Sono vent’anni che la storia va avanti; i primi naufragi risalgono al 1988 nello Stretto di Gibilterra. Da allora non è cambiato nulla ed è questo il problema. L’Europa, morto dopo morto, continua a non capire che la risposta non è quella militare, non è quella dei respingimenti ma è quella di offrire, di aprire dei canali legali su cui viaggiare. Avere un visto dai Paesi dai quali queste persone partono è impossibile. Bisognerebbe lavorare lì piuttosto che sul soccorso in mare. Certo, bisogna anche riconoscere che esistono delle difficoltà tecniche; il canale di Sicilia non è il lago di Garda, è una zona molto vasta, molto estesa e nonostante gli sforzi della Marina italiana e della Guardia costiera la situazione è veramente difficile. Basti pensare che in questi giorni i nostri mezzi hanno soccorso anche 10-15 imbarcazioni al giorno. Nell’emergenza servirebbero sicuramente più mezzi, l’Europa dovrebbe dare una mano per mettere in piedi un’operazione di salvataggio qual’era Mare Nostrum che purtroppo è stata chiusa. La soluzione però, ripeto, va cercata a monte, permettendo banalmente alle persone di viaggiare con un passaporto in tasca anziché di mettersi in mano al contrabbando.

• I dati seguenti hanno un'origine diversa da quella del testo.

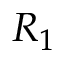<formula> <loc_0><loc_0><loc_500><loc_500>R _ { 1 }</formula> 
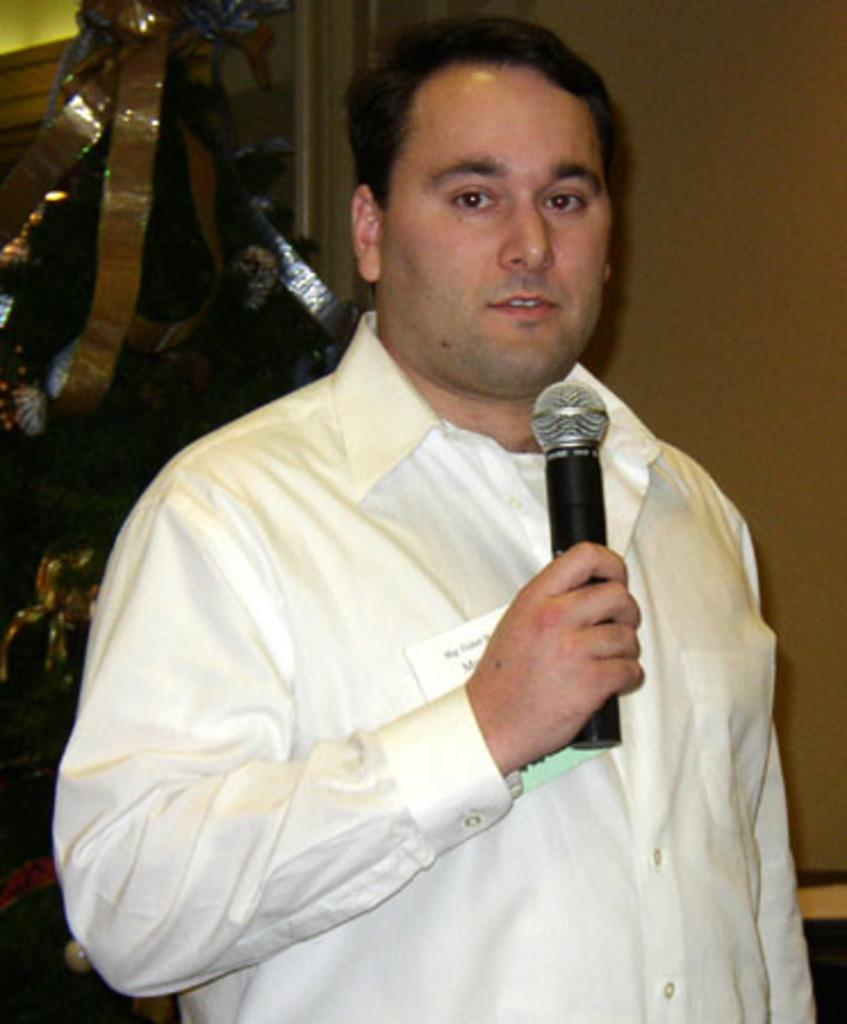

C’è qualcosa che le persone non hanno ancora capito dei migranti e che sarebbe ora comprendessero?

Che siamo uguali. Purtroppo però lo abbiamo rimosso. Se pensassimo davvero di essere tutti uguali i 700 morti della strage del Mediterraneo dei giorni scorsi ci avrebbe fatto molto più male. C’è un problema alla base di tutto: questo sentirsi superiori. Questa frontiera ci ha davvero allontanati a livello umano e culturale, prima ancora che politico. Quello che vorrei che il film lasciasse è proprio questo: l’idea che possa esistere un noi, l’idea che questo mare Mediterraneo da cimitero in cui è stato trasformato dai burocrati e politicanti europeo possa tornare ad essere un mare che ci unisce, un mare in cui ci si può guardare negli occhi, darsi una mano. Più che denunciare, il nostro intento è dire che c’è un mondo possibile, diverso, fatto di amicizia mediterranea. Un mondo dove, insisto, c’è un noi; perché fino a quando non ci sentiamo tutti a pieno titolo parte della stessa famiglia non si va lontano.